[Start of Attachment]
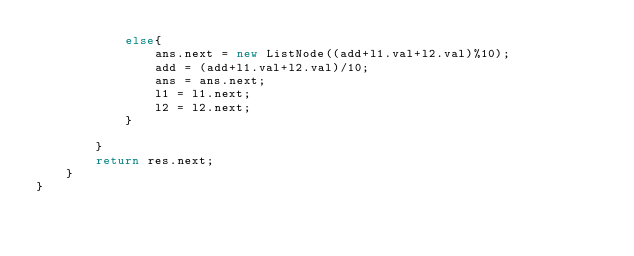<code> <loc_0><loc_0><loc_500><loc_500><_Java_>            else{
                ans.next = new ListNode((add+l1.val+l2.val)%10);
                add = (add+l1.val+l2.val)/10;
                ans = ans.next;
                l1 = l1.next;
                l2 = l2.next;
            }
                
        }
        return res.next;
    }
}</code>
[End of Attachment]
What needs to be done: When you find a line in the records that contains the word "next", copy it.

Solution below:
                ans.next = new ListNode((add+l1.val+l2.val)%10);
                ans = ans.next;
                l1 = l1.next;
                l2 = l2.next;
        return res.next;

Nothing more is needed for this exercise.